[Exercise]: Beneath this instruction is a block of data; output from it exactly the lines that run from the one containing "#6 pedestrian (412,508,441,551)" through the one containing "#7 pedestrian (1178,485,1202,535)", inclusive.

Data entries:
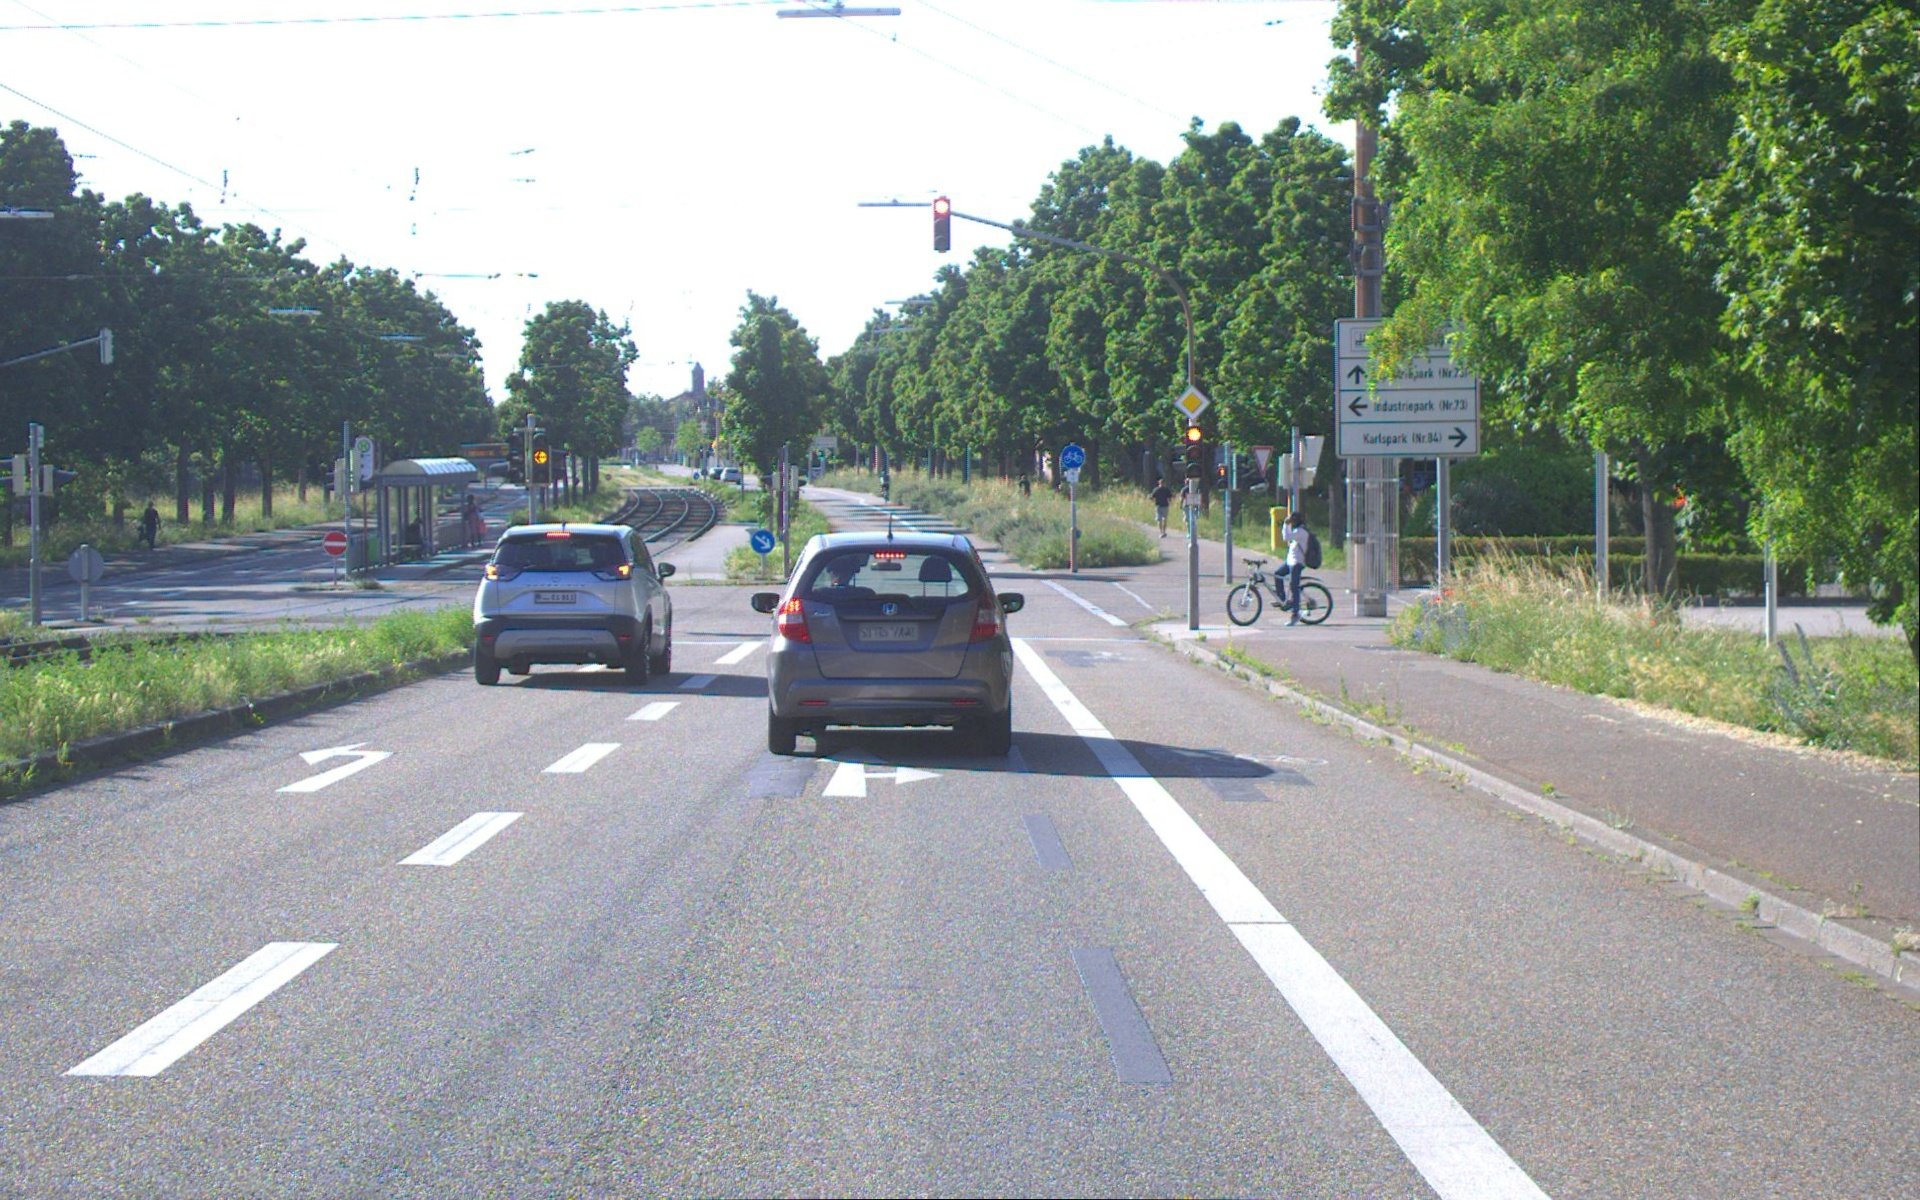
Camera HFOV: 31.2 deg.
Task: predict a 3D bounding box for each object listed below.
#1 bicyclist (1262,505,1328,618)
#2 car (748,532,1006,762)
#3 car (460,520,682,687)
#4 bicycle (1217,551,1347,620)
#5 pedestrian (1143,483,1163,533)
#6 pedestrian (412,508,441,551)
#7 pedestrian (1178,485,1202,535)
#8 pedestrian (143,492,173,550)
[{"bbox_3d":[5.265,-0.603,54.018,0.910,1.739,0.764,-2,1,11],"label":"bicyclist"},{"bbox_3d":[-0.539,0.274,24.777,1.707,1.503,4.000,0,1,0],"label":"car"},{"bbox_3d":[-3.938,-0.014,35.409,1.850,1.601,4.255,0,1,-1],"label":"car"},{"bbox_3d":[5.069,-0.228,54.066,1.921,0.994,0.764,-2,1,11],"label":"bicycle"},{"bbox_3d":[6.212,-2.966,110.584,0.567,1.591,0.666,1,1,-4],"label":"pedestrian"},{"bbox_3d":[-15.584,-2.062,100.387,0.721,1.241,0.711,-1,2,-2],"label":"pedestrian"},{"bbox_3d":[7.412,-2.886,110.761,0.678,1.604,0.721,1,1,-2],"label":"pedestrian"},{"bbox_3d":[-27.908,-2.754,119.626,0.839,2.006,0.863,0,1,-2],"label":"pedestrian"}]
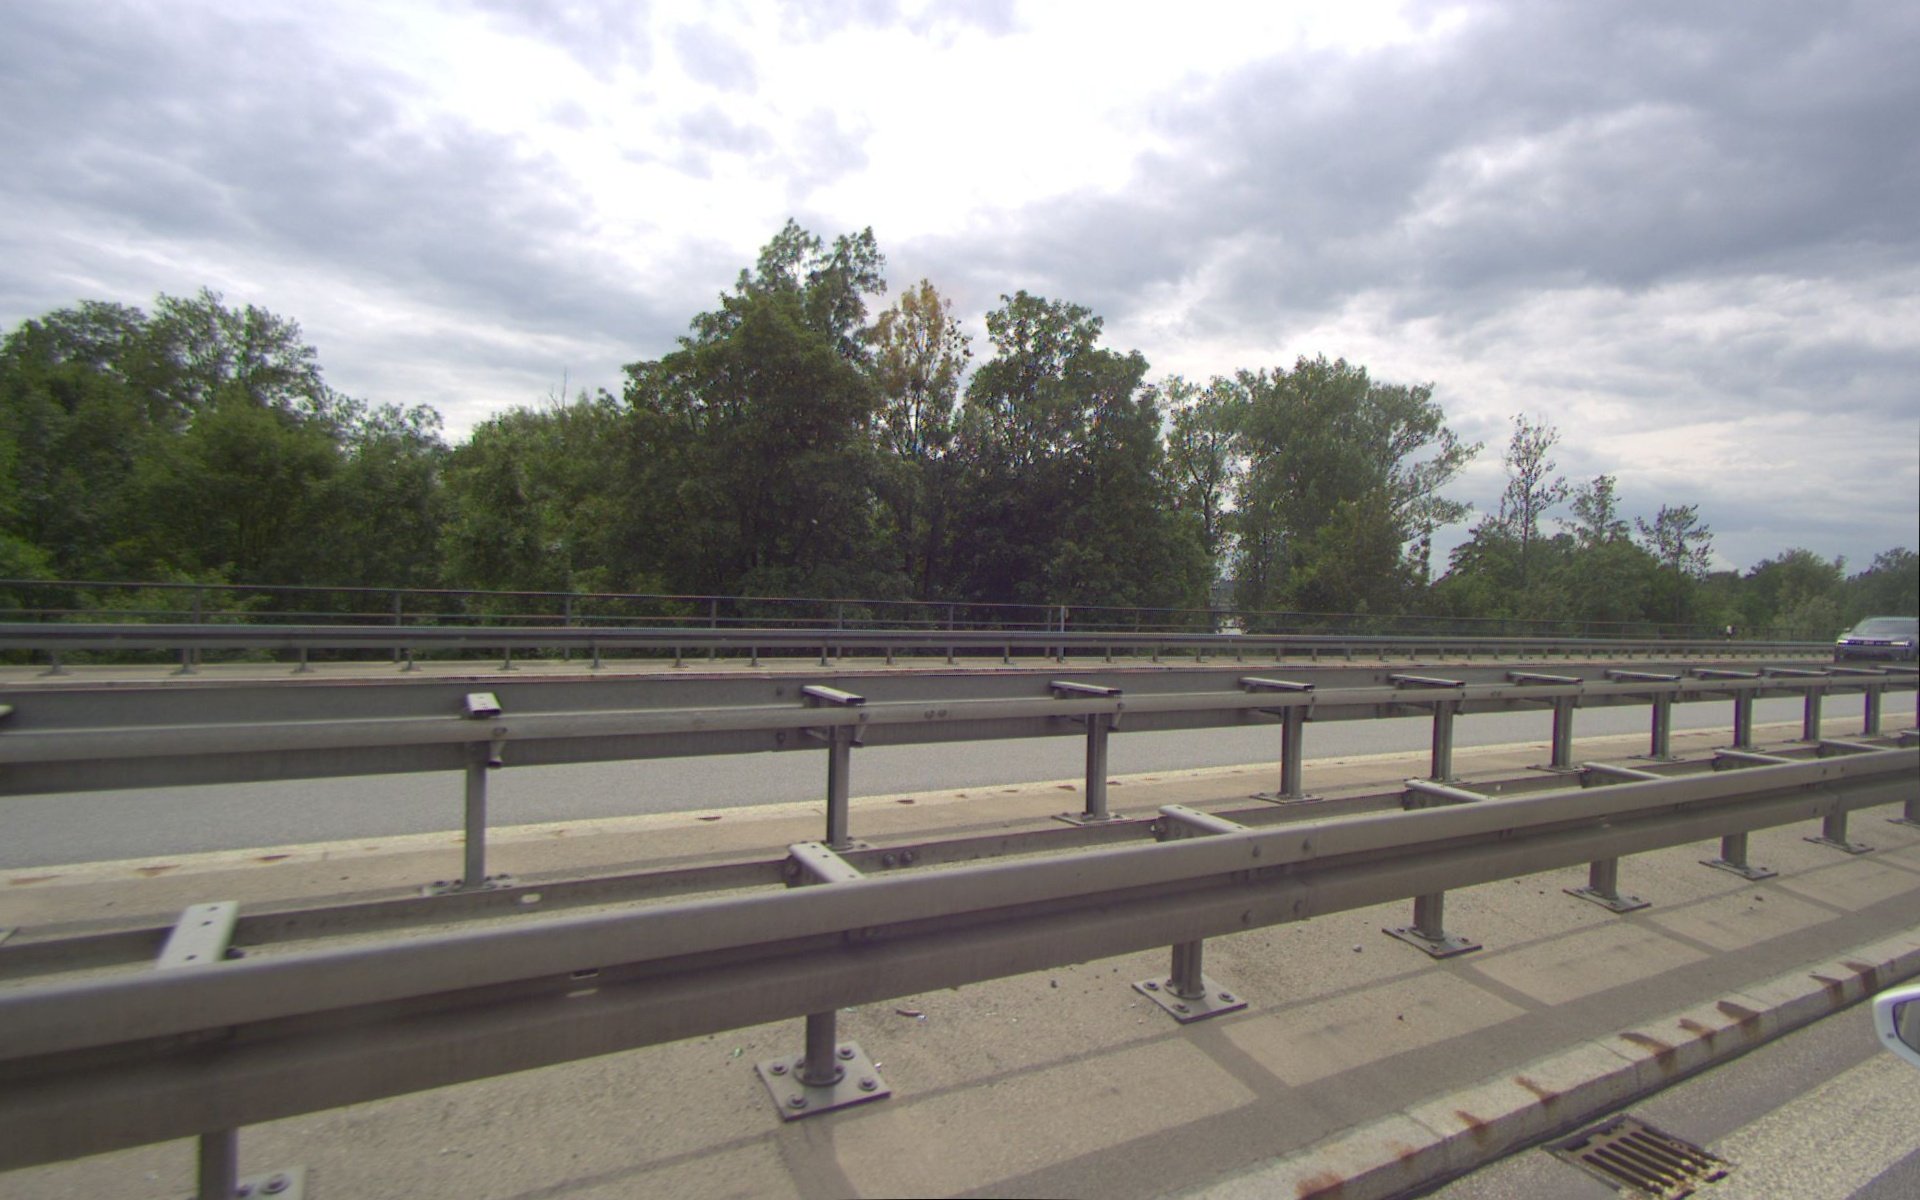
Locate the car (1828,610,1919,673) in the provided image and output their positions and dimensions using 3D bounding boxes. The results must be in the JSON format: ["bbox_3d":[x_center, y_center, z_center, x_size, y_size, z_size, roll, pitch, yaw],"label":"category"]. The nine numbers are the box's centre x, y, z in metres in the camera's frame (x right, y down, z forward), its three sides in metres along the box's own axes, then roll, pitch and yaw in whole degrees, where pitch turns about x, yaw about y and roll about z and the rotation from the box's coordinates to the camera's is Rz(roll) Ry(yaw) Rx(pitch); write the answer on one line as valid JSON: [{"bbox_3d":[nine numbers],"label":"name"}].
[{"bbox_3d":[27.119,1.189,29.138,4.518,1.662,1.700,2,0,-32],"label":"car"}]

[Answer box]:
#6 pedestrian (412,508,441,551)
#7 pedestrian (1178,485,1202,535)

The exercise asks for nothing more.